Items from a dataset

──────

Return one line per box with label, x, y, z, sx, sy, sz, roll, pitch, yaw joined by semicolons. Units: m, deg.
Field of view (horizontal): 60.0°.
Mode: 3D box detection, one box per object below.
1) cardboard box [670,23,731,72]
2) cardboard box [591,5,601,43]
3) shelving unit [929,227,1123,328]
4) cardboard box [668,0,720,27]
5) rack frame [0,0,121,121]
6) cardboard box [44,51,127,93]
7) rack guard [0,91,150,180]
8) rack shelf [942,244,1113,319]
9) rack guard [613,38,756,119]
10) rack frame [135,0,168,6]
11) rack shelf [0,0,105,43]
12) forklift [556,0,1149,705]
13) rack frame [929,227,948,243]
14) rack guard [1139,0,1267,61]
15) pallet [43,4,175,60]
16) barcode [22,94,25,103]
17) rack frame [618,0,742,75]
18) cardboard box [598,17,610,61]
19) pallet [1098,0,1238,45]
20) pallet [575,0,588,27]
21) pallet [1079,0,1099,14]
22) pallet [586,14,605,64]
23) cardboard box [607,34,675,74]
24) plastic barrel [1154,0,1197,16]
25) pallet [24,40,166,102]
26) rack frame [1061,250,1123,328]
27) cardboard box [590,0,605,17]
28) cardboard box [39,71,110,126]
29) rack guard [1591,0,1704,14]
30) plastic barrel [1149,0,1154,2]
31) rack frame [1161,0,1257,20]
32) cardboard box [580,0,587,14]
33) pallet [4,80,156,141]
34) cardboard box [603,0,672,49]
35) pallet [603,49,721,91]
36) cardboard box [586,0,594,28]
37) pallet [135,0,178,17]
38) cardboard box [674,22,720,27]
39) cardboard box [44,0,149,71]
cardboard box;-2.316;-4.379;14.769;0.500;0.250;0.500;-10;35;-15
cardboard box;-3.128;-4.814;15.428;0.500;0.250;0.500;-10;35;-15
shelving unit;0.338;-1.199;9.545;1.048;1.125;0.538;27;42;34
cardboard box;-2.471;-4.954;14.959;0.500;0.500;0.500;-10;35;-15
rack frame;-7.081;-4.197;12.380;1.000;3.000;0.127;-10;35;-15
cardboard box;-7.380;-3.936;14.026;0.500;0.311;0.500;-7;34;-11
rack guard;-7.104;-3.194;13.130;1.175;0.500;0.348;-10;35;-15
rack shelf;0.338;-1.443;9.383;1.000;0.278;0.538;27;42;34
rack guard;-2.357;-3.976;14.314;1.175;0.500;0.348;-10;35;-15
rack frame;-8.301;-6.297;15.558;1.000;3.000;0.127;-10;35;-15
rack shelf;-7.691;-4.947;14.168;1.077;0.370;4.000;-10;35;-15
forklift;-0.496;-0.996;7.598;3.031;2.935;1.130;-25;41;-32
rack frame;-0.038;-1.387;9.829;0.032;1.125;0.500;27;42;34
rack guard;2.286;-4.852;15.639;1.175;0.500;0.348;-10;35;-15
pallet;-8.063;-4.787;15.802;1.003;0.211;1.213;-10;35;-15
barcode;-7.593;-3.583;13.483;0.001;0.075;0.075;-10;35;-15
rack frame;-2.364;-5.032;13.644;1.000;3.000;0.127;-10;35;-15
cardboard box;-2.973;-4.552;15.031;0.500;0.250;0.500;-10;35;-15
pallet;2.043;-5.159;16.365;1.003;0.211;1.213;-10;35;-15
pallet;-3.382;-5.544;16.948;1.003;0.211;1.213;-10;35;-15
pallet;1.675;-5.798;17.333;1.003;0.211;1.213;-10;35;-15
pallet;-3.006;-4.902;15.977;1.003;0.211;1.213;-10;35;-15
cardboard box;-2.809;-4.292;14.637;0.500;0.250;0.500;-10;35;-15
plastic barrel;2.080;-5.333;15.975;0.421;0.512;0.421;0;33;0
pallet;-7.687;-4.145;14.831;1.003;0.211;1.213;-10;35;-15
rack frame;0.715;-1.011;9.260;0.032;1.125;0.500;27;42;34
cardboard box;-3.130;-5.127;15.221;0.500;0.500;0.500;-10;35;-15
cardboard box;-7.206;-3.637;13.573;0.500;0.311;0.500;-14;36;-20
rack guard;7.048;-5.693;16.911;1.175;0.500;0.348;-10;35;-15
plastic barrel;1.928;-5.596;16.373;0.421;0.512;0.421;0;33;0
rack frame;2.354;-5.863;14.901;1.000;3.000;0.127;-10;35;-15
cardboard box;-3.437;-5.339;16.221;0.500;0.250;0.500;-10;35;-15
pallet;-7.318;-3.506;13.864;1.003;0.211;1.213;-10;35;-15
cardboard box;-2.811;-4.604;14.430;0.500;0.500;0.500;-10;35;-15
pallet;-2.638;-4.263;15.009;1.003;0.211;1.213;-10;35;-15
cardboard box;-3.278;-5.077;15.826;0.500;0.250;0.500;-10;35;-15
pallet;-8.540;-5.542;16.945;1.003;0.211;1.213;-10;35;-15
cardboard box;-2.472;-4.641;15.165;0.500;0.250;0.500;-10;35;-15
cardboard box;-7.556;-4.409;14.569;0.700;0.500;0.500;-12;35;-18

──────

Exercise directions. Please transcribe exactly the lines above from the line that has "26) rack frame [1061,250,1123,328]" up to and including the line that has "36) cardboard box [586,0,594,28]"; no other line belongs in the answer.

Reply to the exercise.
26) rack frame [1061,250,1123,328]
27) cardboard box [590,0,605,17]
28) cardboard box [39,71,110,126]
29) rack guard [1591,0,1704,14]
30) plastic barrel [1149,0,1154,2]
31) rack frame [1161,0,1257,20]
32) cardboard box [580,0,587,14]
33) pallet [4,80,156,141]
34) cardboard box [603,0,672,49]
35) pallet [603,49,721,91]
36) cardboard box [586,0,594,28]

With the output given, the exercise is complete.